Tolerance of acute hypercapnic acidosis by the European eel (Anguilla anguilla)

European eels (Anguilla anguilla) were exposed sequentially to partial pressures of CO2 in the water (PwCO2) of 5, 10, 20, 40, 60 then 80 mm Hg (equivalent to 0.66–10.5 kPa), for 30 min at each level. This caused a profound drop in arterial plasma pH, from 7.9 to below 7.2, an increase in arterial PCO2 from 3.0 mm Hg to 44 mm Hg, and a progressive decline in arterial blood O2 content (caO2) from 10.0% to 1.97% volume.
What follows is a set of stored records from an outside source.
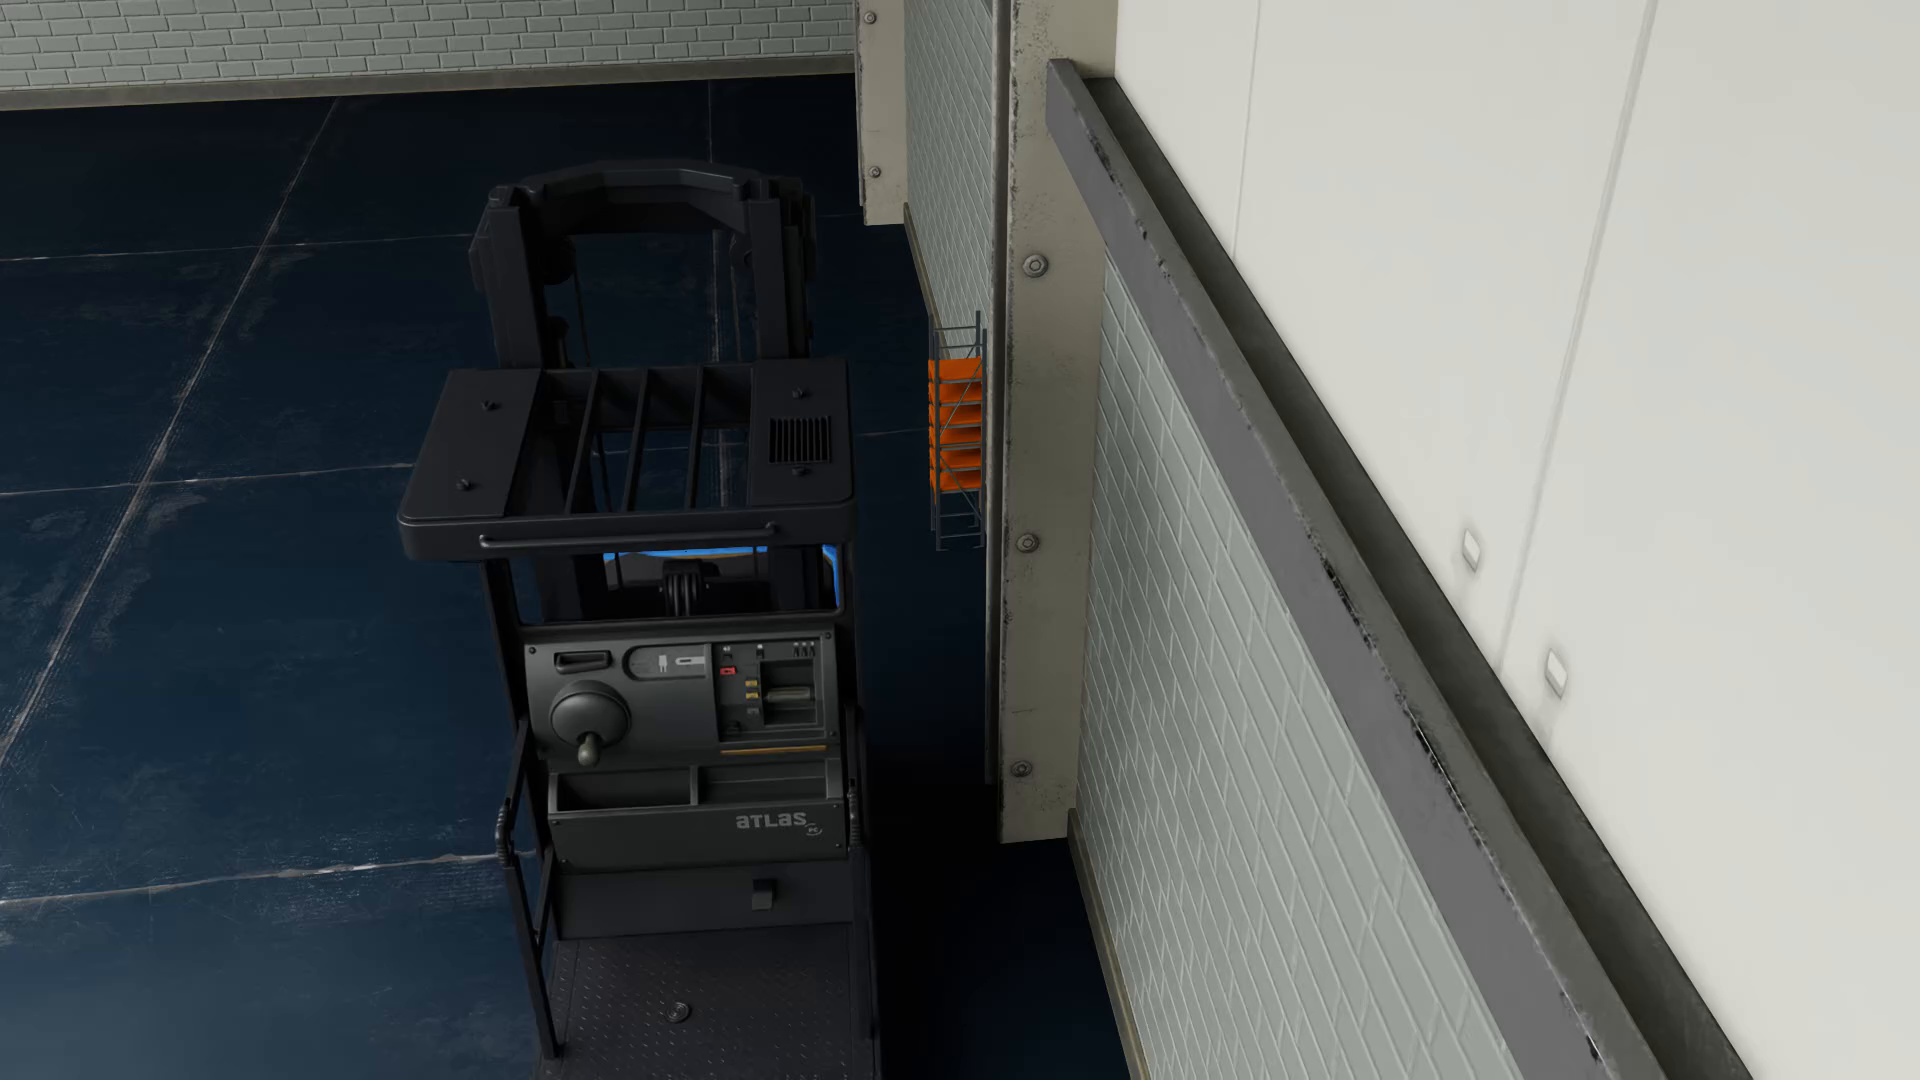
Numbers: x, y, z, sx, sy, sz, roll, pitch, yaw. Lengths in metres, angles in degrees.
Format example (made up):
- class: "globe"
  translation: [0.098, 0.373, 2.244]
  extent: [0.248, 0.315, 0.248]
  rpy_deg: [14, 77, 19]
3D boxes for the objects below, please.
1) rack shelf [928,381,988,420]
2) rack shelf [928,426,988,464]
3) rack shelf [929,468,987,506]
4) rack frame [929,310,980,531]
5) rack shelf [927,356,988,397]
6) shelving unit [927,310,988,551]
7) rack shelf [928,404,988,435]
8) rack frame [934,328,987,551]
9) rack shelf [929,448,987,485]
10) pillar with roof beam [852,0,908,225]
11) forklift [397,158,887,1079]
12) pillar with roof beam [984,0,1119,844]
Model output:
- class: "rack shelf"
  translation: [-0.011, -0.664, 7.811]
  extent: [0.258, 0.103, 0.180]
  rpy_deg: [-5, 35, -7]
- class: "rack shelf"
  translation: [-0.011, -0.465, 7.946]
  extent: [0.258, 0.103, 0.180]
  rpy_deg: [-5, 35, -7]
- class: "rack shelf"
  translation: [-0.011, -0.267, 8.081]
  extent: [0.258, 0.103, 0.180]
  rpy_deg: [-5, 35, -7]
- class: "rack frame"
  translation: [-0.025, -0.553, 7.996]
  extent: [0.240, 1.200, 0.006]
  rpy_deg: [-5, 35, -7]
- class: "rack shelf"
  translation: [-0.011, -0.763, 7.743]
  extent: [0.258, 0.103, 0.180]
  rpy_deg: [-5, 35, -7]
- class: "shelving unit"
  translation: [-0.011, -0.502, 7.921]
  extent: [0.258, 1.200, 0.189]
  rpy_deg: [-5, 35, -7]
- class: "rack shelf"
  translation: [-0.011, -0.564, 7.879]
  extent: [0.258, 0.103, 0.180]
  rpy_deg: [-5, 35, -7]
- class: "rack frame"
  translation: [0.003, -0.451, 7.846]
  extent: [0.240, 1.200, 0.006]
  rpy_deg: [-5, 35, -7]
- class: "rack shelf"
  translation: [-0.011, -0.366, 8.014]
  extent: [0.258, 0.103, 0.180]
  rpy_deg: [-5, 35, -7]
- class: "pillar with roof beam"
  translation: [-4.795, -5.675, 8.587]
  extent: [9.100, 9.000, 0.400]
  rpy_deg: [-4, 35, -6]
- class: "forklift"
  translation: [-0.819, 0.530, 4.869]
  extent: [1.130, 2.935, 3.031]
  rpy_deg: [-3, 34, -4]
- class: "pillar with roof beam"
  translation: [-3.988, -2.327, 3.674]
  extent: [9.100, 9.000, 0.400]
  rpy_deg: [-4, 35, -6]
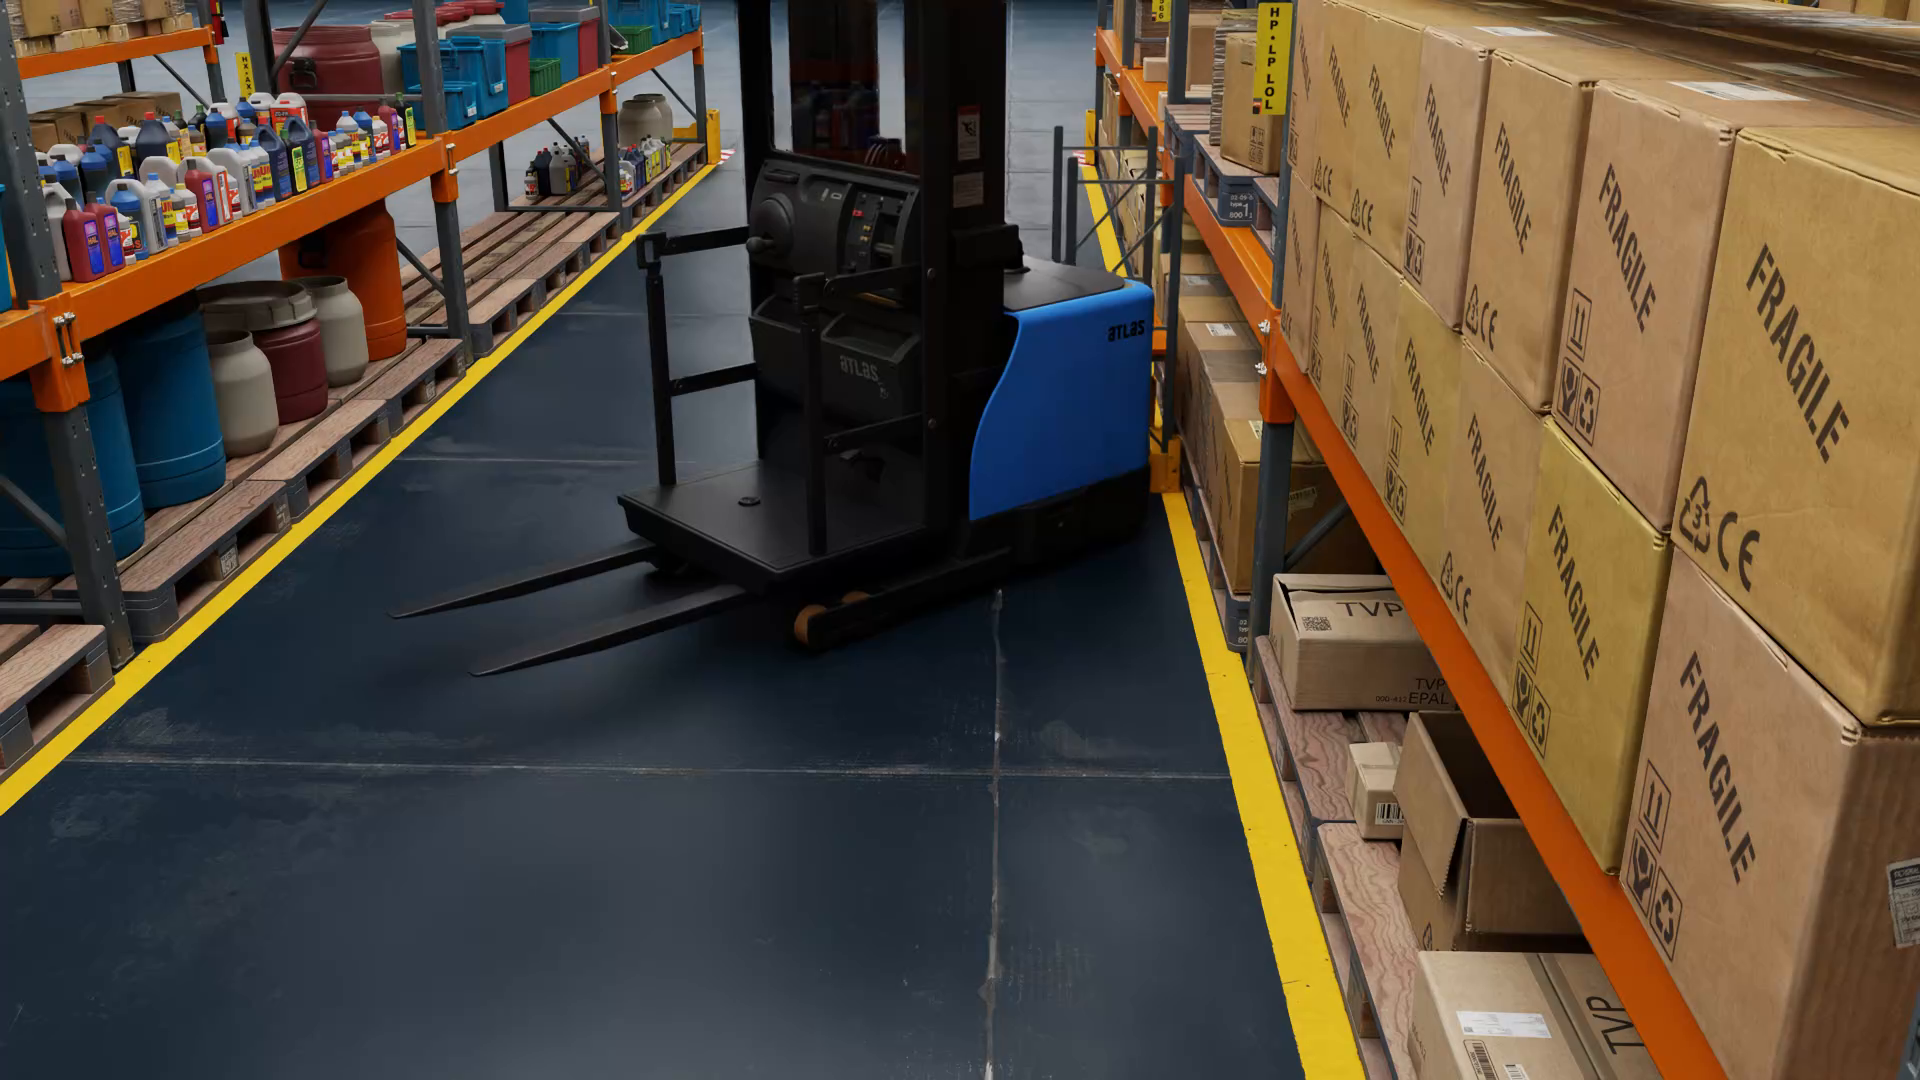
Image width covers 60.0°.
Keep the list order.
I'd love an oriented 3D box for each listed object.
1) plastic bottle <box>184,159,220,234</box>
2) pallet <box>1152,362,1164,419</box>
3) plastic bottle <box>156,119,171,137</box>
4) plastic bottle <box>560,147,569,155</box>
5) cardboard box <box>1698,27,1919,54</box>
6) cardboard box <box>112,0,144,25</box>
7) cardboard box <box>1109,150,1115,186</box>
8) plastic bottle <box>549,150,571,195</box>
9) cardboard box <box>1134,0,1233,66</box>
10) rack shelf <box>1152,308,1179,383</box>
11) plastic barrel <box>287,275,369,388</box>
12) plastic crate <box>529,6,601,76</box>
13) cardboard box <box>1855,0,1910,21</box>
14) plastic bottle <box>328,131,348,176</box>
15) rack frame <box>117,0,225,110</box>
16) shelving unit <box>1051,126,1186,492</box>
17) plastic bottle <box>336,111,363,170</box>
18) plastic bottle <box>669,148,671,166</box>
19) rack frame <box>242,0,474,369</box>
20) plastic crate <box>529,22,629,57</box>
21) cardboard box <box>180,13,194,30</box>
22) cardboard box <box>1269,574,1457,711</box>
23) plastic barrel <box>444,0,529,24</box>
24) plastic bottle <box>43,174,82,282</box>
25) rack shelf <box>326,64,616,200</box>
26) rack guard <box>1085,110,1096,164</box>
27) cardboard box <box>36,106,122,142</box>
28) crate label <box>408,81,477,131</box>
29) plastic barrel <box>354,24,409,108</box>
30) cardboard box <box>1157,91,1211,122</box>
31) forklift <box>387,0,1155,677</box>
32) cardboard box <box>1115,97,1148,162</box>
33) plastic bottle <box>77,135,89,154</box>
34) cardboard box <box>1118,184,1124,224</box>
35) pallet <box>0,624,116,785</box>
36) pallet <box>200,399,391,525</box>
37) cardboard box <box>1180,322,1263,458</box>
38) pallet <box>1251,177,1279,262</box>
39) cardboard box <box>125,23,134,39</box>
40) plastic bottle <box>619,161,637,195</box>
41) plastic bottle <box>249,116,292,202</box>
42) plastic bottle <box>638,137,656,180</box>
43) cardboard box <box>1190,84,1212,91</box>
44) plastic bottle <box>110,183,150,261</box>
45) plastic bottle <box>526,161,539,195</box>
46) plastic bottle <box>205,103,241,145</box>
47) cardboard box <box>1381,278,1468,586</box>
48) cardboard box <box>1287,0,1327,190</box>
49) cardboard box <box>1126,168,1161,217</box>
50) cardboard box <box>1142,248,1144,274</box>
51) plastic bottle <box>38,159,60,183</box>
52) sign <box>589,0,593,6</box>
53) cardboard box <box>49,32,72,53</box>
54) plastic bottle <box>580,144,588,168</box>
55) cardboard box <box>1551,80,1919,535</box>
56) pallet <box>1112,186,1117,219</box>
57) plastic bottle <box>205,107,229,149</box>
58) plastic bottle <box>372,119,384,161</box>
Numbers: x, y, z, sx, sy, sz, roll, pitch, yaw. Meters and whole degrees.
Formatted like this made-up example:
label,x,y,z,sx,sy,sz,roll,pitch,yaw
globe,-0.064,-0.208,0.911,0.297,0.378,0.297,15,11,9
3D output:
label,x,y,z,sx,sy,sz,roll,pitch,yaw
plastic bottle,-2.988,-1.359,6.546,0.061,0.283,0.133,1,21,2
pallet,1.560,-0.785,8.761,1.003,0.211,1.213,1,21,2
plastic bottle,-3.726,-1.822,7.756,0.097,0.271,0.097,0,21,0
plastic bottle,-3.453,-3.273,14.475,0.152,0.276,0.135,1,21,3
cardboard box,1.697,-0.686,3.130,0.500,0.500,0.500,0,21,1
cardboard box,-8.036,-4.982,15.173,0.875,0.500,0.500,1,21,2
cardboard box,1.563,-3.247,14.470,0.500,0.250,0.500,1,21,2
plastic bottle,-3.333,-3.062,13.826,0.144,0.351,0.185,1,21,2
cardboard box,1.749,-4.008,13.074,0.700,0.500,0.500,0,21,0
rack shelf,0.707,-0.949,7.897,0.538,0.185,1.000,0,21,0
plastic barrel,-3.256,-1.064,8.484,0.421,0.512,0.421,0,21,0
plastic crate,-2.918,-3.708,12.351,0.402,0.464,0.583,1,21,2
cardboard box,6.620,-3.614,11.450,0.700,0.500,0.500,3,21,7
plastic bottle,-2.963,-1.831,7.876,0.097,0.201,0.097,0,21,0
rack frame,-8.038,-5.358,16.690,1.000,3.000,0.127,1,21,2
shelving unit,0.707,-1.113,7.824,0.587,1.500,1.083,0,21,0
plastic bottle,-2.957,-1.934,8.045,0.097,0.271,0.097,0,21,0
plastic bottle,-2.705,-3.535,15.253,0.097,0.201,0.097,0,21,0
rack frame,-3.331,-2.411,9.095,1.000,3.000,0.127,1,21,2
plastic crate,-3.066,-4.016,13.318,0.767,0.338,0.504,1,21,2
cardboard box,-7.840,-5.135,16.464,0.380,0.149,0.250,1,21,2
cardboard box,1.270,0.289,5.246,0.500,0.311,0.500,1,21,2
plastic barrel,-3.523,-3.954,12.381,0.600,0.901,0.708,1,21,2
plastic bottle,-3.116,-1.080,5.733,0.144,0.351,0.185,1,21,2
rack shelf,-3.270,-2.798,11.089,1.077,0.370,4.000,1,21,2
rack guard,1.864,-4.091,16.881,1.175,0.500,0.348,1,21,2
cardboard box,-8.096,-3.720,15.344,0.500,0.500,0.500,3,21,7
crate label,-2.943,-2.481,9.507,0.303,0.233,0.416,1,21,2
plastic barrel,-3.513,-2.837,10.040,0.421,0.512,0.421,0,21,0
cardboard box,1.372,-2.566,9.843,0.380,0.149,0.250,1,21,2
forklift,-0.634,-1.179,6.015,3.031,2.935,1.130,-18,27,-38
cardboard box,1.565,-3.415,13.868,0.500,0.500,0.500,1,21,2
plastic bottle,-3.764,-1.587,7.134,0.061,0.283,0.133,1,21,2
cardboard box,1.482,-2.572,12.731,0.500,0.250,0.500,0,21,0
pallet,-3.436,0.602,5.186,1.003,0.211,1.213,1,21,2
pallet,-3.353,-0.385,7.730,1.003,0.211,1.213,1,21,2
cardboard box,1.280,-0.674,7.466,0.500,0.500,0.500,0,21,0
pallet,1.632,-1.107,6.000,1.003,0.211,1.213,1,21,2
cardboard box,-7.862,-4.683,15.299,0.380,0.149,0.250,1,21,2
plastic bottle,-2.779,-3.020,13.822,0.152,0.276,0.135,1,21,4
plastic bottle,-3.007,-1.651,7.206,0.144,0.351,0.185,1,21,2
plastic bottle,-2.751,-3.336,14.535,0.144,0.351,0.185,0,21,1
cardboard box,1.603,-2.699,10.187,0.380,0.149,0.250,2,21,6
plastic bottle,-3.022,-1.158,6.044,0.097,0.271,0.097,0,21,0
plastic bottle,-3.524,-2.973,13.692,0.061,0.283,0.133,2,21,4
plastic bottle,-3.681,-2.033,8.292,0.152,0.276,0.135,1,21,2
cardboard box,1.167,-0.224,3.321,0.500,0.500,0.500,0,21,1
cardboard box,1.203,-1.254,4.594,0.500,0.500,0.500,1,21,3
cardboard box,1.446,-2.462,11.672,0.500,0.311,0.500,0,21,0
cardboard box,1.405,-1.648,10.350,0.500,0.250,0.500,0,21,1
plastic bottle,-3.612,-1.370,6.592,0.097,0.271,0.097,0,21,0
sign,-3.637,-5.440,16.520,0.100,0.325,0.005,1,21,2
cardboard box,-7.805,-4.230,14.132,0.380,0.149,0.250,1,21,2
plastic bottle,-3.457,-3.514,15.199,0.097,0.201,0.097,0,21,0
cardboard box,1.130,-0.322,2.191,0.500,0.500,0.500,1,21,3
pallet,1.808,-2.788,13.923,1.003,0.211,1.213,1,21,2
plastic bottle,-3.651,-1.988,8.184,0.097,0.271,0.097,0,21,0
plastic bottle,-2.948,-2.007,8.329,0.097,0.201,0.097,0,21,0

Gill ventilation rate increased significantly at water PwCO2s of 10, 20 and 40 mm Hg, followed by a decline at PwCO2s of 60 and 80 mm Hg, due to periodic breathing. Mean opercular pressure amplitude increased steadily throughout hypercapnic exposure and was significantly elevated at a PwCO2 of 80 mm Hg. Hypercapnia caused a tachycardia between PwCO2s of 5 mmHg and 10 mm Hg, followed by a progressive decline in heart rate. Cardiac output (CO) remained unchanged throughout, as a consequence of a significant increase in stroke volume at PwCO2s of 40, 60 and 80 mm Hg. The eels maintained O2 uptake at routine normocapnic levels throughout hypercapnic exposure. A comparison of the rates of blood O2 delivery (calculated from CO and caO2) against O2 consumption at PwCO2s of 60 mm Hg and 80 mm Hg indicated that a portion of O2 uptake was due to cutaneous respiration. Thus, the European eel's exceptional tolerance of acute hypercapnia is probably a consequence of the tolerance of its heart to acidosis and hypoxia, and a contribution to O2 uptake from cutaneous respiration.